It was the 3rd day. I think we shot like 30 ish first day like 10 day 2 and 40ish day 3. I just kept my mouth shut not worth it. Wont do it again in Missouri or with guides. But will do it again.


----------



## rentalrider (Aug 8, 2011)

lewy149 said:


> Wont do it again in Missouri or with guides. But will do it again.


Well, there might be a yukon leaving these parts in a couple months that just might have an open seat!


----------



## lewy149 (Apr 19, 2007)

rentalrider said:


> Well, there might be a yukon leaving these parts in a couple months that just might have an open seat!


Buddies have freelanced in sd with pretty good luck


----------



## mintgreenwalleyemachine (Jan 18, 2005)

Pm sent


_OutdoorHub Mobile, the information engine of the outdoors._


----------



## craigrh13 (Oct 24, 2011)

Tony Toye...Big River guide service. Sounds like it is gong to be a early year this year!


----------



## GuppyII (Sep 14, 2008)

Anyone use pro outfitters? We have a trip March 7-8-9th with them. First time in Mo. We've hunted Texas, Delaware, and Maryland before but I guess this is a bit different style of hunt. We will see. Good luck to anyone making a trip this spring.

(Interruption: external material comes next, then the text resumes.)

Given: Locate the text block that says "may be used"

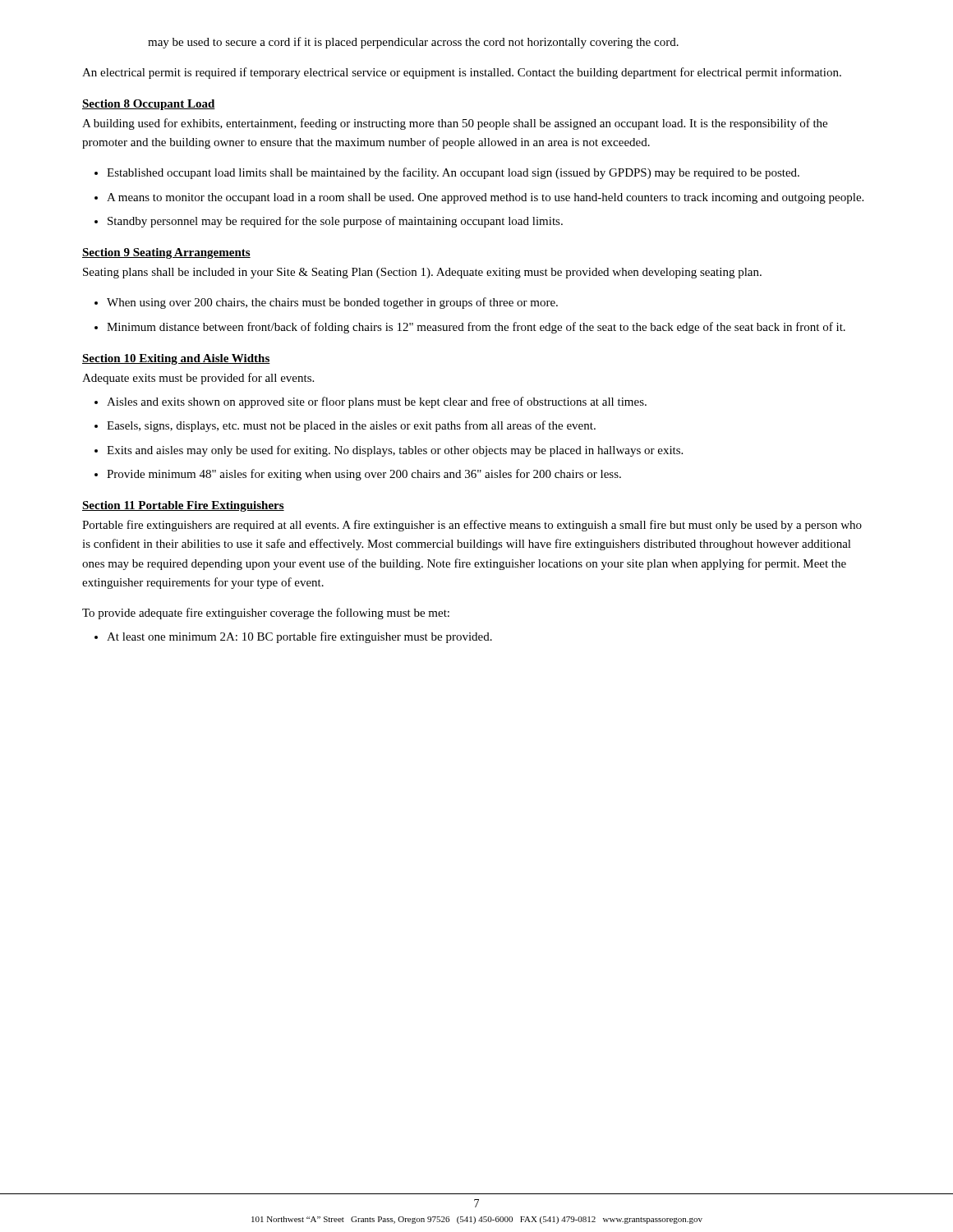Looking at the screenshot, I should [x=413, y=42].

Bambi makes a cute sandwich!


----------



## just ducky (Aug 23, 2002)

I just chuckle when I read these kinds of threads because the term "guide" seems to have lots of different meanings. I guess it's just me, but I would shy away from anyone calling themselves a "guide". I've never done the snow goose chase (basically because no matter what you call them, they're still trash chickens :evilsmile) but if I couldn't freelance, I wouldn't bother.


----------



## northern michigan boy (Dec 14, 2011)

ive been to moundcity 3 different times under scoott robinson he is a great guide but it is a little pricey now we go to south dakota we made our own decoys with white tyvec think we got about 1200 decoys we frelance now its way cheaper if u are going to go every year and can find fields to hunt


----------



## honk/quack (Dec 18, 2009)

Hey 'Rider, my buddy and I are lookin to do the same thing . . . guide or freelance? We really like to do things our selves but that method is a little riskier if you don't know the territory.

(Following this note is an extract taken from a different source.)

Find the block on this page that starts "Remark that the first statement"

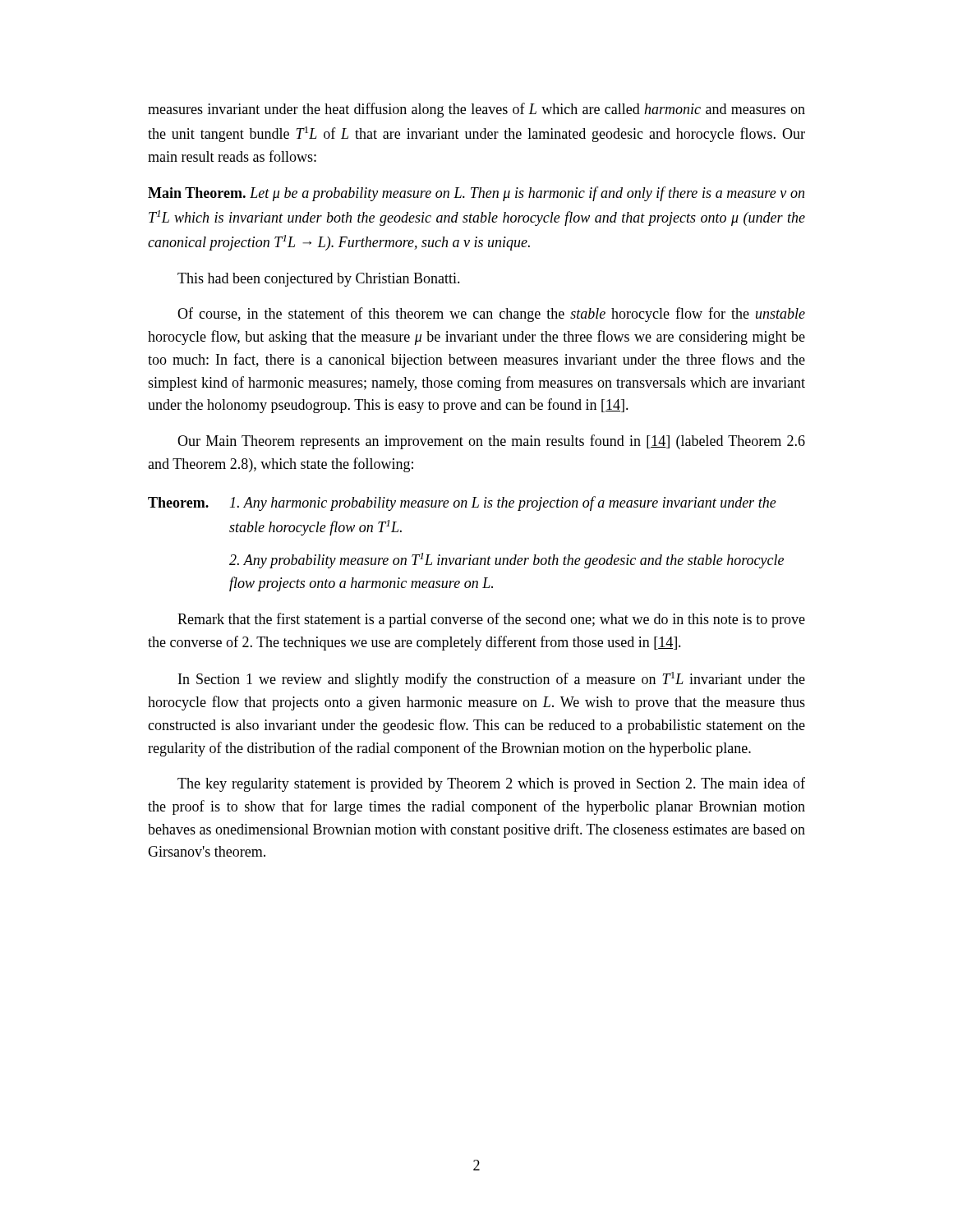click(476, 736)
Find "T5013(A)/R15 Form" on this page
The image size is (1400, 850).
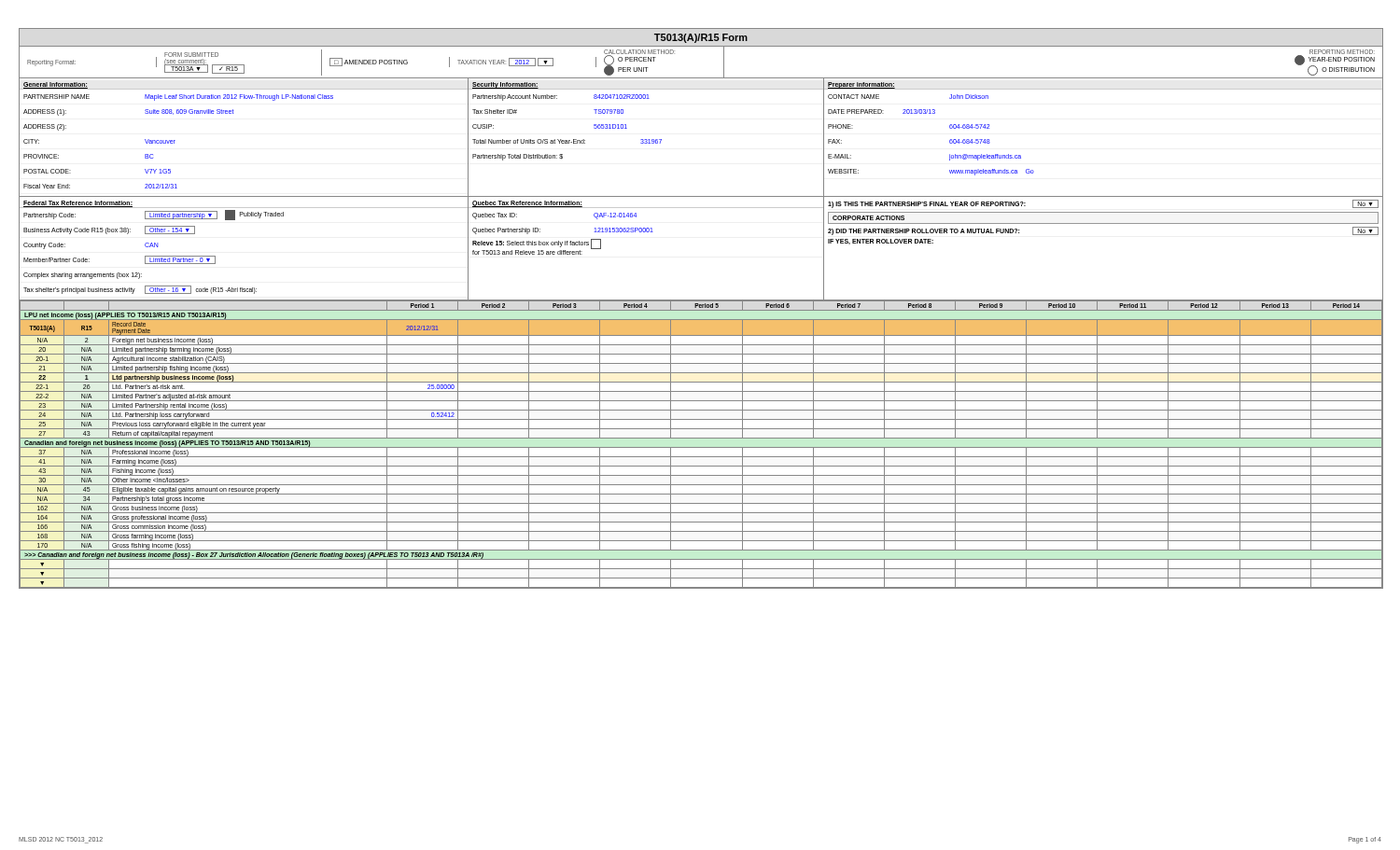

Definatly don't want to run into that experience that Lewy had, that would be a real bummer. Be sure to get back to us with your experiences. 

Good luck!


----------



## lastflighttaxidermy (Jul 12, 2010)

We've been with tony toye, big river guide service for 13 strait years. Mound city mo. Always gets us on the birds. Fun times


----------



## DEDGOOSE (Jan 19, 2007)

I went with Top Gun some years back in SD.. They were good guys we killed a good pile of birds for conditions.. The last day was when all our birds picked up and migrated north, we didnt kill much, but dang what a sight.. 

Outside of Habitat Flats, the biggest numbers I am seeing are the dudes that are leaving the decoys at home and doing some creeping.. Roost shooting, levy jumping, crawlin up on them in fields.. Its amazing how many these guys put down.


----------